A leading British medical journal publishes article calling for the introduction of 'after-birth abortion'
A leading British medical journal has published an article calling for the introduction of infanticide for social and medical reasons.
The article in the Journal of Medical Ethics, entitled “After-birth abortion: why should the baby live?” states in its abstract: “After-birth abortion (killing a newborn) should be permissible in all cases where abortion is, including cases where the newborn is not disabled.”
The article, written by Alberto Giubilini of the University of Milan and Francesca Minerva of Melbourne University, argues that “foetuses and newborns do not have the same moral status as actual persons” and consequently a law which permits abortion for certain reasons should permit infanticide on the same grounds.
The article follows alleged instances of sex-selective abortions throughout Britain raising alarm concerning the application of the 1967 Abortion Act.
Lord Alton, co-chairman of the All Party Parliamentary Pro-Life Group, said that infanticide was the “chilling and unassailable” logical step for a society that permits killing a baby one day before birth.
He said: “That the Journal of Medical Ethics should give space to such a proposition illustrates not a slippery slope, but the quagmire into which medical ethics and our wider society have been sucked.
“Personal choice has eclipsed the sacredness, or otherness, of life itself. It is profoundly disturbing, indeed shocking, to see the way in which opinion-formers within the medical profession have ditched the traditional belief of the healer to uphold the sanctity of human life for this impoverished and inhumane defence of child destruction.
“It has been said that a country which kills its own children has no future. That’s true. And a country which accepts infanticide or the killing of a little girl or a little boy because of their gender, the killing of a baby because of a disability, or the killing of a child because it is inconvenient, the wrong shape, or the wrong colour, also forfeits its right to call itself civilised.”
But Julian Savulescu, the editor of the Journal of Medical Ethics, has defended the publication of the paper on the British Medical Journal website. He said: “What is disturbing is not the arguments in this paper nor its publication in an ethics journal. It is the hostile, abusive, threatening responses that it has elicited. More than ever, proper academic discussion and freedom are under threat from fanatics opposed to the very values of a liberal society.”

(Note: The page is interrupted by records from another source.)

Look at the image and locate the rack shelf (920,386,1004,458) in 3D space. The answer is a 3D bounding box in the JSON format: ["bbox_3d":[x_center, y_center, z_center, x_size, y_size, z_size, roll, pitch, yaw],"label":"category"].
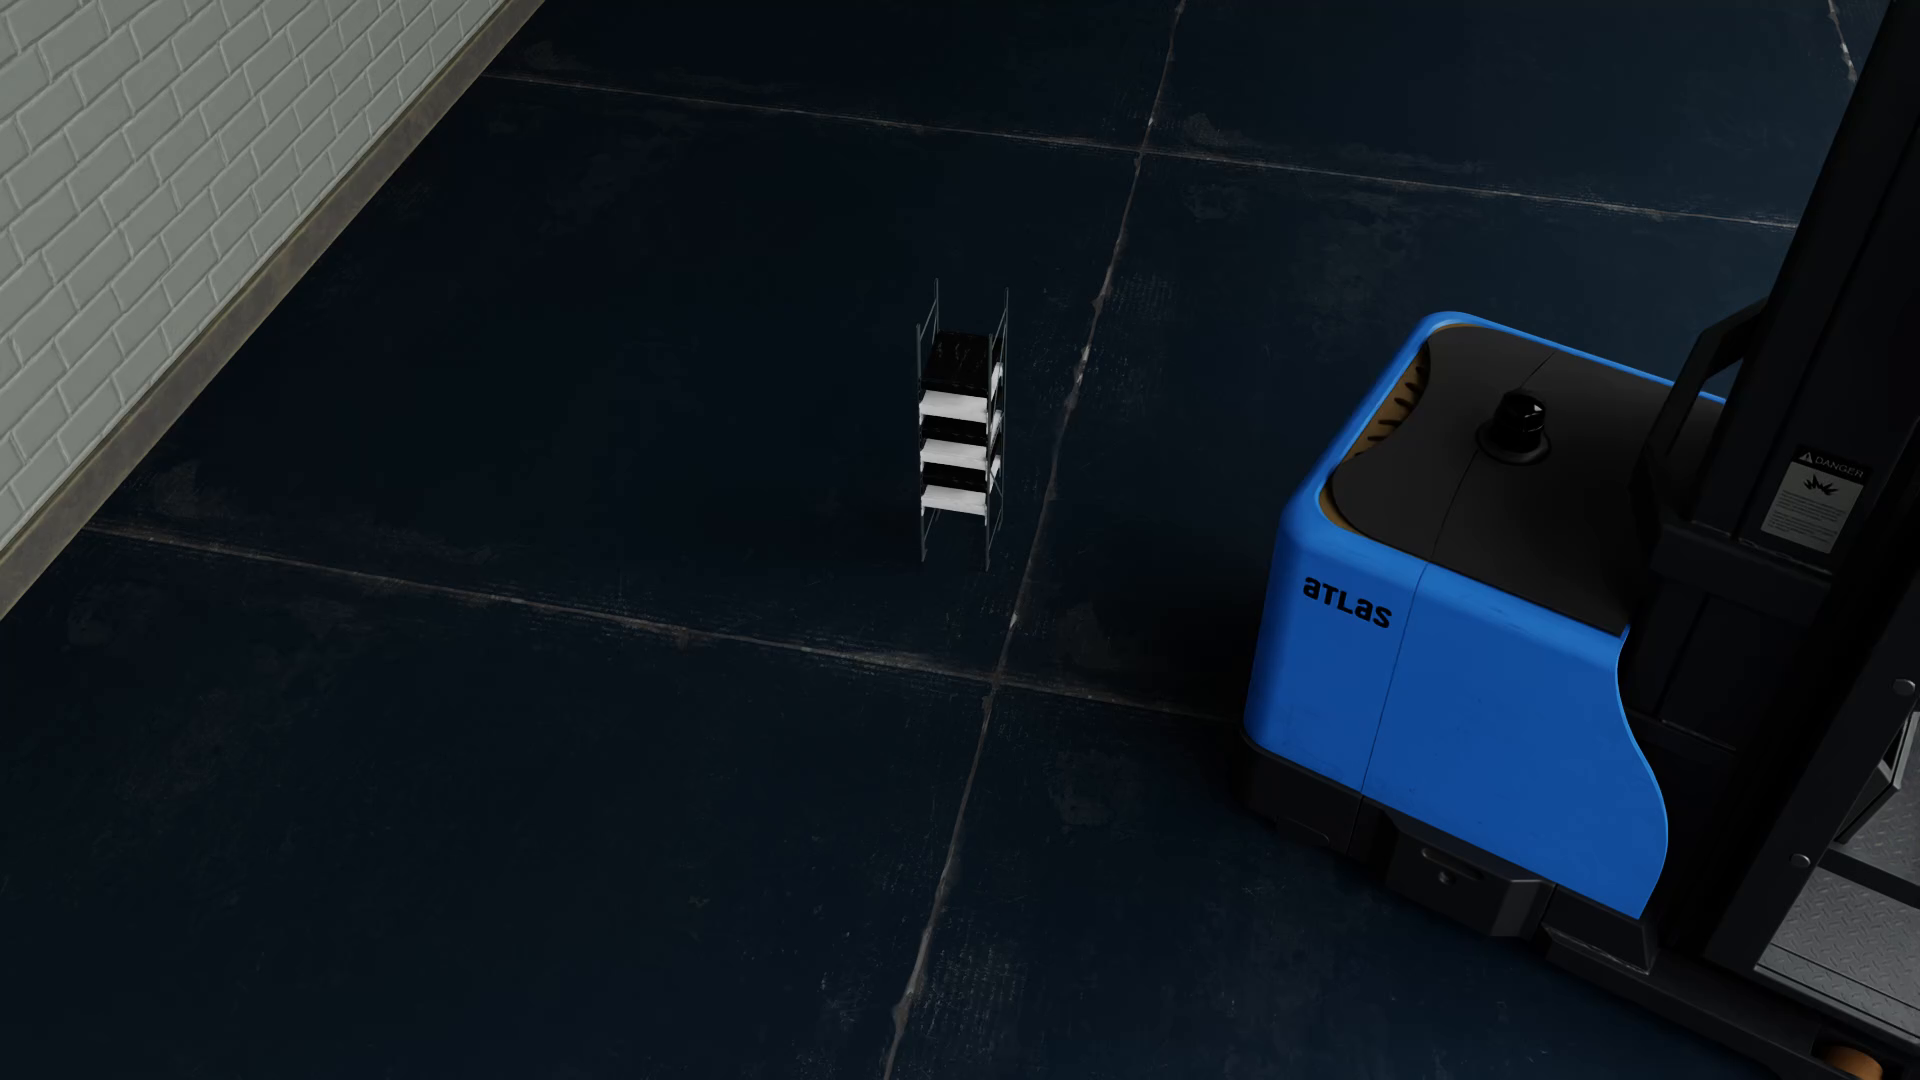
[{"bbox_3d":[0.008,-0.364,4.897,0.200,0.077,0.258,9,45,9],"label":"rack shelf"}]

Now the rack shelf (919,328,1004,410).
[{"bbox_3d":[0.008,-0.493,4.773,0.200,0.077,0.258,9,45,9],"label":"rack shelf"}]

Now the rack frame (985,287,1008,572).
[{"bbox_3d":[0.107,-0.308,4.921,0.006,0.900,0.240,9,45,9],"label":"rack frame"}]

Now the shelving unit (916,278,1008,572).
[{"bbox_3d":[0.008,-0.323,4.937,0.210,0.900,0.258,9,45,9],"label":"shelving unit"}]

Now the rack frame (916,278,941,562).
[{"bbox_3d":[-0.091,-0.338,4.953,0.006,0.900,0.240,9,45,9],"label":"rack frame"}]

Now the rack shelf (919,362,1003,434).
[{"bbox_3d":[0.008,-0.429,4.835,0.200,0.077,0.258,9,45,9],"label":"rack shelf"}]

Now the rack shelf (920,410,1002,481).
[{"bbox_3d":[0.008,-0.299,4.960,0.200,0.077,0.258,9,45,9],"label":"rack shelf"}]

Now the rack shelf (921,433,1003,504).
[{"bbox_3d":[0.008,-0.234,5.022,0.200,0.077,0.258,9,45,9],"label":"rack shelf"}]

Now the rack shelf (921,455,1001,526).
[{"bbox_3d":[0.008,-0.169,5.085,0.200,0.077,0.258,9,45,9],"label":"rack shelf"}]

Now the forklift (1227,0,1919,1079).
[{"bbox_3d":[2.238,-0.076,3.215,3.031,2.935,1.130,24,49,23],"label":"forklift"}]

He continued: “As Editor of the Journal, I would like to defend its publication. The arguments presented, in fact, are largely not new and have been presented repeatedly in the academic literature and public fora by the most eminent philosophers and bioethicists in the world, including Peter Singer, Michael Tooley and John Harris in defence of infanticide, which the authors call after-birth abortion.
“The novel contribution of this paper is not an argument in favour of infanticide – the paper repeats the arguments made famous by Tooley and Singer – but rather their application in consideration of maternal and family interests. The paper also draws attention to the fact that infanticide is practised in the Netherlands.
“Many people will and have disagreed with these arguments. However, the goal of the Journal of Medical Ethics is not to present the Truth or promote some one moral view. It is to present well reasoned argument based on widely accepted premises.”
Kenneth Boyd, associate editor of the Journal of Medical Ethics, said that the publication of the paper did not reflect his personal view and that the article had gone through the process of academic peer review.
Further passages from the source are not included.